──────── Input data
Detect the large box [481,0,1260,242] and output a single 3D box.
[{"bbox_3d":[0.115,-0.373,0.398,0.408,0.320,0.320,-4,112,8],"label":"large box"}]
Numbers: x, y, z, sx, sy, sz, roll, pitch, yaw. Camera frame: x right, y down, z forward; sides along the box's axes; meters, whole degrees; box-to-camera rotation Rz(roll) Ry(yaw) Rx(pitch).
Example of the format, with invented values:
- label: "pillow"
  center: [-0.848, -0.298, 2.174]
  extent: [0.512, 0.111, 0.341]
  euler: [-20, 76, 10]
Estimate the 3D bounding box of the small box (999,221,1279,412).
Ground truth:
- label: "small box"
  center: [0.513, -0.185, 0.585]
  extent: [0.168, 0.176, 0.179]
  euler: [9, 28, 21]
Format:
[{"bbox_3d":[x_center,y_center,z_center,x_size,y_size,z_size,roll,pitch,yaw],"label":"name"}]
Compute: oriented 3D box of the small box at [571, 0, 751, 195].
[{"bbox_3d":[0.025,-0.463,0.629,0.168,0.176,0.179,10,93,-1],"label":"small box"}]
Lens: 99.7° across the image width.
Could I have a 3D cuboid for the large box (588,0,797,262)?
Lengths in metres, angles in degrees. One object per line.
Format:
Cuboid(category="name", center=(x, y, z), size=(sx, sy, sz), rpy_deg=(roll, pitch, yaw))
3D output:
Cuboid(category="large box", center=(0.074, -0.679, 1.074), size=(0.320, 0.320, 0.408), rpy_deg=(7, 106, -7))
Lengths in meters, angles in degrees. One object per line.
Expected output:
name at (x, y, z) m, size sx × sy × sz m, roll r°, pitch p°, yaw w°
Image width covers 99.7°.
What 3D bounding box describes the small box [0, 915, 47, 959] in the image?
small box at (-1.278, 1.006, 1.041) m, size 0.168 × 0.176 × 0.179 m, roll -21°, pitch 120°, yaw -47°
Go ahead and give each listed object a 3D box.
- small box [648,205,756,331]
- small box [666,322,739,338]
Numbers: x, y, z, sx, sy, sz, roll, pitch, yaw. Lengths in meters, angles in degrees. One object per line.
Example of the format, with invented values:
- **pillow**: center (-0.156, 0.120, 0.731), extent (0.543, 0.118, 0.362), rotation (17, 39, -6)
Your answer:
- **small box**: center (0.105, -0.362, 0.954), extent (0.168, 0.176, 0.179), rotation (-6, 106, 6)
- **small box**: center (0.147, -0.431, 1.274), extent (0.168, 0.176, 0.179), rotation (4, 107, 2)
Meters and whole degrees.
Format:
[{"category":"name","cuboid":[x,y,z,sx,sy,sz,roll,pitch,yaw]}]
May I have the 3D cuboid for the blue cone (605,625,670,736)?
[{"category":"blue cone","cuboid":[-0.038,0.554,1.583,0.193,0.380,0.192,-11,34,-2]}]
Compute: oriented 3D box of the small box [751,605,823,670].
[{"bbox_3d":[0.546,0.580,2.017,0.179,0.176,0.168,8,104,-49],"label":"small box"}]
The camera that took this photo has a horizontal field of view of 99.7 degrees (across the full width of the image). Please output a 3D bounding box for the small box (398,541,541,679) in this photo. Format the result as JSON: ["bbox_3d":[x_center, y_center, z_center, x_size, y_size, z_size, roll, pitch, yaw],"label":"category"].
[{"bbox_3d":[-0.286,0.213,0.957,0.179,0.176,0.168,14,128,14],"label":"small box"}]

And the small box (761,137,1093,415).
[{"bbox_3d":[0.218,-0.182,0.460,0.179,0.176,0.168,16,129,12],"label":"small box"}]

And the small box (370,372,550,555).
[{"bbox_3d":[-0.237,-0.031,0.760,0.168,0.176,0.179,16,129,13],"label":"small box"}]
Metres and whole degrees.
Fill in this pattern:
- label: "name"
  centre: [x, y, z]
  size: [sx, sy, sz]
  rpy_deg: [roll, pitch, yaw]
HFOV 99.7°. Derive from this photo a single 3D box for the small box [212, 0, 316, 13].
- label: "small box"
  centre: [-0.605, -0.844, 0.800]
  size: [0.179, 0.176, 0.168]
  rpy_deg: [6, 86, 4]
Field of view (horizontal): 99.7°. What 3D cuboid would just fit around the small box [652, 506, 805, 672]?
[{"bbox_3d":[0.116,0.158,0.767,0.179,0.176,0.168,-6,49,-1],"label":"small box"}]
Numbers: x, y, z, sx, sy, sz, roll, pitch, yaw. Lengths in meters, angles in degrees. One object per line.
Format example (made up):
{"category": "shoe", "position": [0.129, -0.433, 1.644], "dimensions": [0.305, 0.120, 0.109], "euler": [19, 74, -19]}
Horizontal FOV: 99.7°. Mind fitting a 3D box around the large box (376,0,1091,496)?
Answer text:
────────────────
**Activity**
Every line in the entries above that mentions the word "pillow" must be shown.

**Exercise answer**
- label: "pillow"
- **pillow**: center (-0.156, 0.120, 0.731), extent (0.543, 0.118, 0.362), rotation (17, 39, -6)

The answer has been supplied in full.